Se si nota anche solo uno di questi sintomi nel proprio animale è necessario portarlo subito da un veterinario, che potrà diagnosticare l’infezione da tetano e proporre la cura più adeguata.

Solitamente, il primo passo è quello di somministrare un antibiotico (anche semplice penicillina), in modo da uccidere la tossina prodotta dal tetano. I primi miglioramenti si dovrebbero notare durante la prima settimana di cura, ma un cane può impiegare persino un mese per riprendersi completamente. Spesso, all’antibiotico vengono accostati anche sedativi o antiepilettici per ridurre gli spasmi muscolari. Tutti questi farmaci, ovviamente, devono essere prescritti da un veterinario.

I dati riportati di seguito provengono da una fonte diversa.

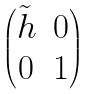<formula> <loc_0><loc_0><loc_500><loc_500>\begin{pmatrix} \tilde { h } & 0 \\ 0 & 1 \end{pmatrix}</formula> 
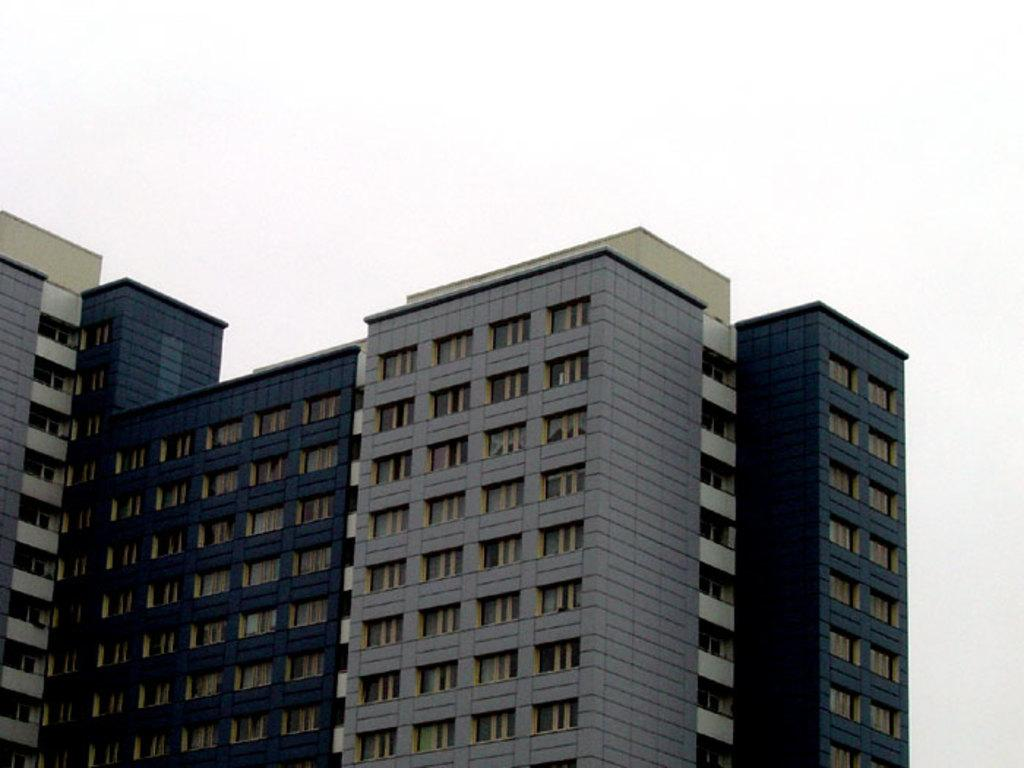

Inoltre, poiché quando un cane contrae il tetano è particolarmente sensibile alla luce, è bene che rimanga a riposo, in un luogo buio e privo di rumori troppo forti o improvvisi. Nel caso in cui la tossina abbia colpito la mascella e il nostro animale non sia in grado di aprirla, bisogna intervenire con una dieta liquida in modo da continuare a nutrirlo.

Insomma, il tetano non è comune nei cani (e per questo una vaccinazione non è consigliata), tuttavia è bene essere informati sui rischi che corrono i nostri animali, in modo da poter intervenire tempestivamente in caso di necessità!